REQUIRED WORK. Leave out every picture, and restate word for word only the lines from the one containing "Answer in list" through the end of the material.

DATASET ENTRIES.
#####

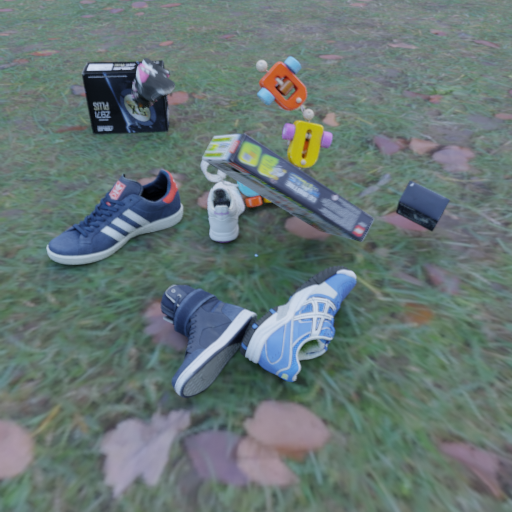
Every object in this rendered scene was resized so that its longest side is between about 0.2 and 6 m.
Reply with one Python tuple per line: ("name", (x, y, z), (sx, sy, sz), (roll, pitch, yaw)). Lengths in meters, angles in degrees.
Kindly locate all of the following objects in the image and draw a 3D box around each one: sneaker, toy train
("sneaker", (-2.233, -3.461, 11.751), (0.822, 0.883, 2.046), (26, 20, -16))
("sneaker", (-0.641, -1.192, 12.018), (0.772, 1.028, 2.063), (-3, 35, -1))
("sneaker", (-1.103, 1.267, 8.905), (1.498, 0.788, 2.073), (27, 34, 15))
("sneaker", (0.907, 1.101, 9.275), (1.000, 0.983, 2.596), (38, 54, 20))
("toy train", (0.272, -2.672, 12.561), (2.377, 3.165, 0.880), (37, 4, -15))
("sneaker", (-2.908, -0.919, 11.454), (3.033, 1.282, 1.137), (-31, 47, -33))

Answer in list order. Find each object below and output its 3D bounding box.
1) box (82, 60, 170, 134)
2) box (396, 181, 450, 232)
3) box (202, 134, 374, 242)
("box", (-3.568, -4.412, 15.594), (2.143, 1.755, 0.923), (-2, 38, -4))
("box", (3.318, -0.987, 11.237), (0.854, 0.868, 0.510), (30, 84, 15))
("box", (0.588, -1.257, 10.517), (3.016, 0.524, 1.660), (29, -2, -25))
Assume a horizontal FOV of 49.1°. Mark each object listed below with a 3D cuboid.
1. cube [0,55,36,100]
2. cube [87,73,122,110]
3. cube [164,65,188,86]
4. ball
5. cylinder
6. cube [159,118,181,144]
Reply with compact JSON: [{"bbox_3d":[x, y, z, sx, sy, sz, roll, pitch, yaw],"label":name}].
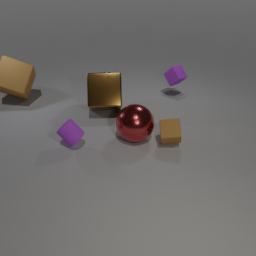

#####

YOUR SOLUTION.
Answer in list order. Find each object below and output its 3D bounding box.
1) box (82, 60, 170, 134)
2) box (396, 181, 450, 232)
3) box (202, 134, 374, 242)
("box", (-3.568, -4.412, 15.594), (2.143, 1.755, 0.923), (-2, 38, -4))
("box", (3.318, -0.987, 11.237), (0.854, 0.868, 0.510), (30, 84, 15))
("box", (0.588, -1.257, 10.517), (3.016, 0.524, 1.660), (29, -2, -25))
Assume a horizontal FOV of 49.1°. Mark each object listed below with a 3D cuboid.
1. cube [0,55,36,100]
2. cube [87,73,122,110]
3. cube [164,65,188,86]
4. ball
5. cylinder
6. cube [159,118,181,144]
Reply with compact JSON: [{"bbox_3d":[x, y, z, sx, sy, sz, roll, pitch, yaw],"label":name}].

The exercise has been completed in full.